For a description of all columns and their possible values, see the ‘Notice’ tab in the sheet, or the full docs here in github. We will highlight key changes with v1. More dimensions have been added in this version (see below).
Quick stats: 19,494 words, 1,169 repeat-words, 2/3-rds of the words have examples. ~60% have audio available; audio caveat: the links to Wikimedia are effective, but have not been verified one by one.

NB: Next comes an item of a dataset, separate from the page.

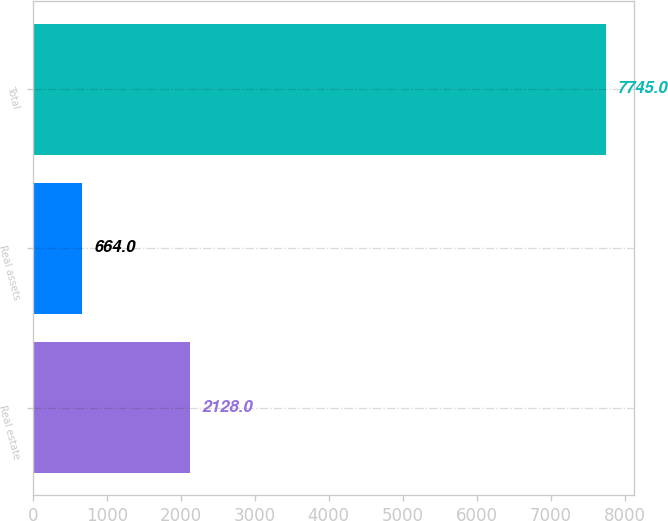<chart> <loc_0><loc_0><loc_500><loc_500><bar_chart><fcel>Real estate<fcel>Real assets<fcel>Total<nl><fcel>2128<fcel>664<fcel>7745<nl></chart> 
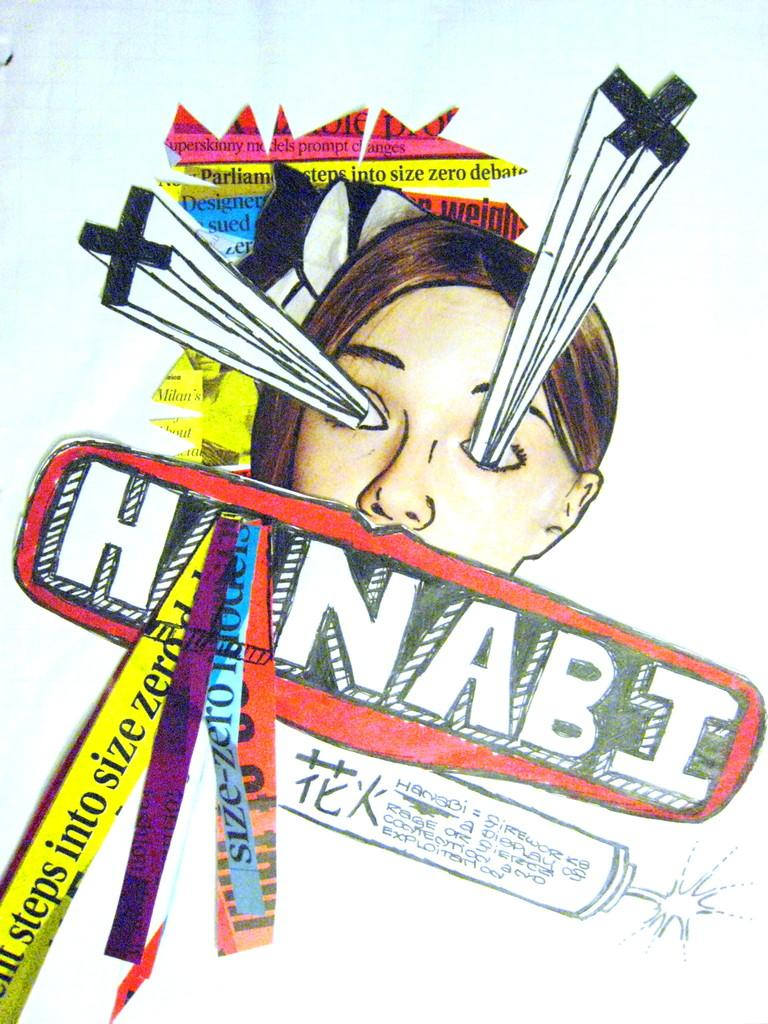What is the main subject of the image? There is a depiction of a person in the center of the image. Are there any words or letters in the image? Yes, there is text in the image. What else can be seen in the image besides the person and text? There are depictions of other objects in the image. What color is the background of the image? The background of the image is white in color. Can you tell me how many bears are present in the image? There are no bears depicted in the image. What type of order is being followed in the image? The image does not depict any specific order or sequence. 
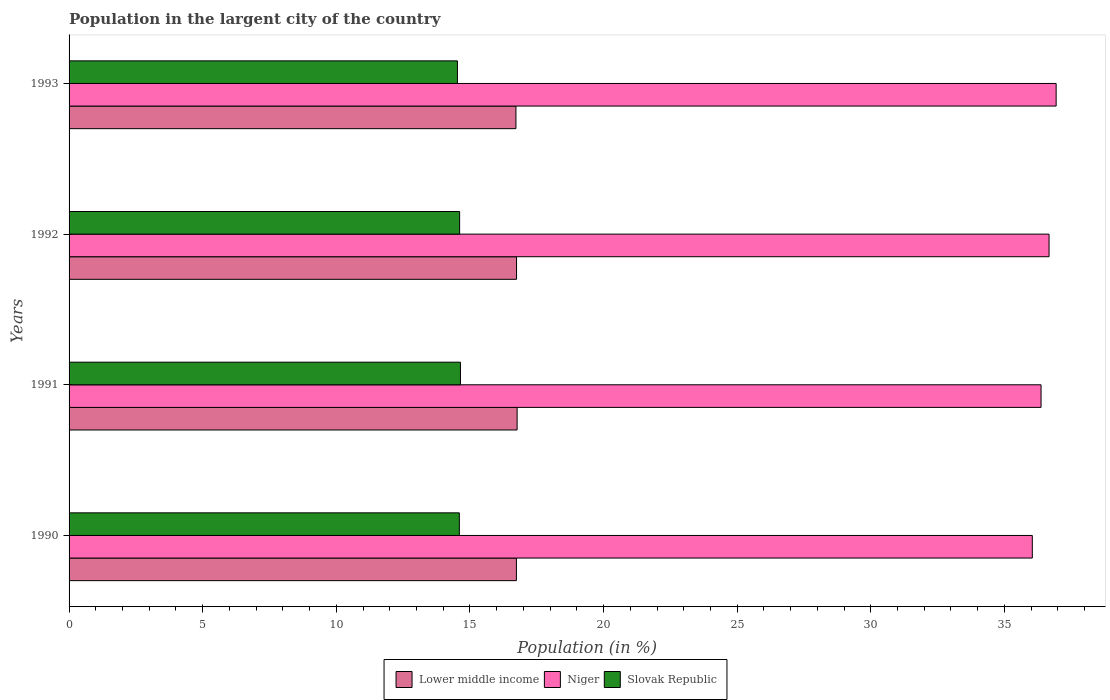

I have not yet received authorisation to share the files for the ‘audio’ column (value=1)
Audio files
The licence for the audio files has not been clarified; so, they are simply not available at this stage.
Key changes with v1
- all words in the original list are now included (19,494 instead of ~16k).
- all words have IPA phonetics and a sensible romanisation, with tones;
- only 329 words have no meaning attached;
- there should be no repeated meanings, meanings have been tidyed up. 93% of the list now has only 1-2 senses.
- Experimental features: (these are denoted in the sheet with a tag of [exper.])
- repeat-words are pointing back to their base-word, when it exists in the list.
- some compounds not found in dictionaries point to their (poss.) component-words, when it exists in the list.
- loan-words: most are translated and have a transliteration (though a few defeat us). The transliteration is included so that we can learn to pronounce these words the Thai way, and thus be understood.
- new column: Classifiers – out of 9178 nouns, 3244 (35%) have 1 or more classifiers (Thai word + transliteration).
- changed: column 1 is now 'index'. Use it in combo with the last 2-3 columns on the right to produce your learning lists.
A note on meanings/senses
Why are all senses of a word aggregated? Can you not emphasise the most frequent meaning? One of the key findings of the original thesis is that when a word is introduced to children at a given level, all senses/facets of this word are also introduced, i.e. they are not developed over time.
Read this page for more details on the columns of the spreadsheet
Examples of usage
430 grammar words have a sense, and most have one or more examples - good to find out which you already know, and which you should research or ask your teacher. Note that most rank pretty high in frequency, that figures.
Conversely, filter out grammar words and use the result to "go to town with Anki."
Sources & licences
The thesis (link), as far as I can tell is in the public domain.
Lexitron v2 (link) NECTEC licence.
Wiktionary (link) is licenced under CC BY-SA 4.0 (Attribution-Share Alike 4.0 International)
Volubilis v. 25.2 (link), also under CC BY-SA 4.0.
The Royal Institute Dictionary 1999 is also under NECTEC licence.
"This product is created by the adaptation of LEXiTRON developed by NECTEC."
This frequency list is shared under CC BY-SA 4.0, including the mention above as work derivative from a NECTEC production.
Links
If you have suggestions, the sheet is now not only public, but open for comments. However, if you disagree with some of the meanings, you should likely take it with the corresponding dictionary authors. I welcome any constructive criticism.
The Blog will be open for comments [registered github users]
TLDR
A Thai word frequency list of ~20k words used in the primary and secondary school textbooks, with various dimensions to cut and slice custom lists.